The main opposition New Democratic Party is asking the court to declare void the elections in North Windward and Central Leeward, two of the constituencies that electoral officials say the Unity Labour Party won on its way to a 8-7 victory and a fourth term in office.

John said:

“It is the petitioners’ submission, my lord, that it cannot be consistent with the values of the Constitution that you cannot have an election that is not by secret ballot. That will not be an election consistent with what is provided for.”

He further stated:

“If indeed, there are, my lord, breaches of the rules which result in breaches of secrecy, in which case the election would not have been by secret ballot, then, on principles, based on [the rulings in the case of] Quinn Leandro, it is not a requirement that the election results ought to have been affected numerically in the same way.
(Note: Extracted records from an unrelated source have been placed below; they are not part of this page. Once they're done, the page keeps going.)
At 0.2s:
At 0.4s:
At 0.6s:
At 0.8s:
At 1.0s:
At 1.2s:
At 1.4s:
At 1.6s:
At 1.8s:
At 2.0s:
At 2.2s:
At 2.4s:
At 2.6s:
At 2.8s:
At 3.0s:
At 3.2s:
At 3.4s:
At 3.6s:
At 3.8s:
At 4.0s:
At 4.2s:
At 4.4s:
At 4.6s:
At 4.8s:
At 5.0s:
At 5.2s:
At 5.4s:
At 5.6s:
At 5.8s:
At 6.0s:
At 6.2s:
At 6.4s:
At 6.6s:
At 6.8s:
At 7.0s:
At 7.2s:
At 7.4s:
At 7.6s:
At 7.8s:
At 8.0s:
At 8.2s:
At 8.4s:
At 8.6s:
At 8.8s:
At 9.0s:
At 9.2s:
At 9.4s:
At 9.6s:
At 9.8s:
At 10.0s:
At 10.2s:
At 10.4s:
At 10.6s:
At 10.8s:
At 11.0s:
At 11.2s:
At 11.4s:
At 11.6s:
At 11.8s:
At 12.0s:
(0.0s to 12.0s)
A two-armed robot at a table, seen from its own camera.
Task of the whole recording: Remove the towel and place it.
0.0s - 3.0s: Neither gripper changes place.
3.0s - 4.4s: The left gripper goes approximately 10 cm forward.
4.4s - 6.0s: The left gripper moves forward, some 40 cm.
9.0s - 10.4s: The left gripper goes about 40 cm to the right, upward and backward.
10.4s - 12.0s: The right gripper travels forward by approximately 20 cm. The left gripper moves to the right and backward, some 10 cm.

And to the extent that that is being put forward, that is not our submission.”

Kathleen Jeffers, a presiding officer at a Central Leeward polling station, admitted to making multiple “mistakes” in her conduct of the poll and at the final count.
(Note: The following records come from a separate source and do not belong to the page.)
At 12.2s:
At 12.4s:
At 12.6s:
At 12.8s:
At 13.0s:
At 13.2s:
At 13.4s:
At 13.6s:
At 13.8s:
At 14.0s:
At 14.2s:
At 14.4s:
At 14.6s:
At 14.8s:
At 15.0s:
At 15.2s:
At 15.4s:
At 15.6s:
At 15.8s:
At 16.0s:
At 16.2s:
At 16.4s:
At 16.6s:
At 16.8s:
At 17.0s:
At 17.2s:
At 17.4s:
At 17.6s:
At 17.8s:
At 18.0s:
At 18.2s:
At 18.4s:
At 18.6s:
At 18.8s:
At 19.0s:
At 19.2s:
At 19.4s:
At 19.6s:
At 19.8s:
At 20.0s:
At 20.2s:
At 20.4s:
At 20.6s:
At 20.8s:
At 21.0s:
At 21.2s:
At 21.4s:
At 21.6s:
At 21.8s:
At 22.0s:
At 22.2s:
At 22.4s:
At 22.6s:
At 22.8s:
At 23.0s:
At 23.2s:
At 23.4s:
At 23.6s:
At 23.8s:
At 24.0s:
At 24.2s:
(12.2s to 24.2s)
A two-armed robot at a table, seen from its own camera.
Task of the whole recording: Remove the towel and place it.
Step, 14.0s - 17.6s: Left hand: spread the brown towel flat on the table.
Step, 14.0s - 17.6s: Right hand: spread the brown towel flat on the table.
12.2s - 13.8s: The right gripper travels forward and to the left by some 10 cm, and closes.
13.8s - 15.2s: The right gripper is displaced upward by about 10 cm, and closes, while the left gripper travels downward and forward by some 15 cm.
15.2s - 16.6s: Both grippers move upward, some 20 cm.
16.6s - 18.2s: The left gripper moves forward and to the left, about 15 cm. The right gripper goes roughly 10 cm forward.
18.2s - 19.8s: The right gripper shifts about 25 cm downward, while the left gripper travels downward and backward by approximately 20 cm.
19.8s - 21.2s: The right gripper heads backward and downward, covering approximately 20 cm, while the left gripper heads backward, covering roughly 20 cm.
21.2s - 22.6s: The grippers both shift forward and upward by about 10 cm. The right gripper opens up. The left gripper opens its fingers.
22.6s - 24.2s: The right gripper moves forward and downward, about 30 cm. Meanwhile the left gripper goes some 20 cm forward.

A ruling in the case is slated for March 21. 

7 replies on “PETITIONS TRIAL: Stalky says election ‘errors’ offend constitutional rights”

  1. C. ben-David says:

    The abstract declarations of the Constitution are being used in lieu of the specific requirements of the Representation of the People Act which govern the conduct of election and which declares:

    “60. Notwithstanding anything contained inthe provisions of this Act, no election shall be declared invalid by reason of non-compliance with the provisions of this Act or of the rules thereto or of the regulations made thereunder, or any mistake in the use of the forms prescribed under this Act, if it appears to the court having cognizance of the question that the election was conducted in accordance with the principles laid down in this Act, and that such non-compliance or mistake did not affect the result of the election.”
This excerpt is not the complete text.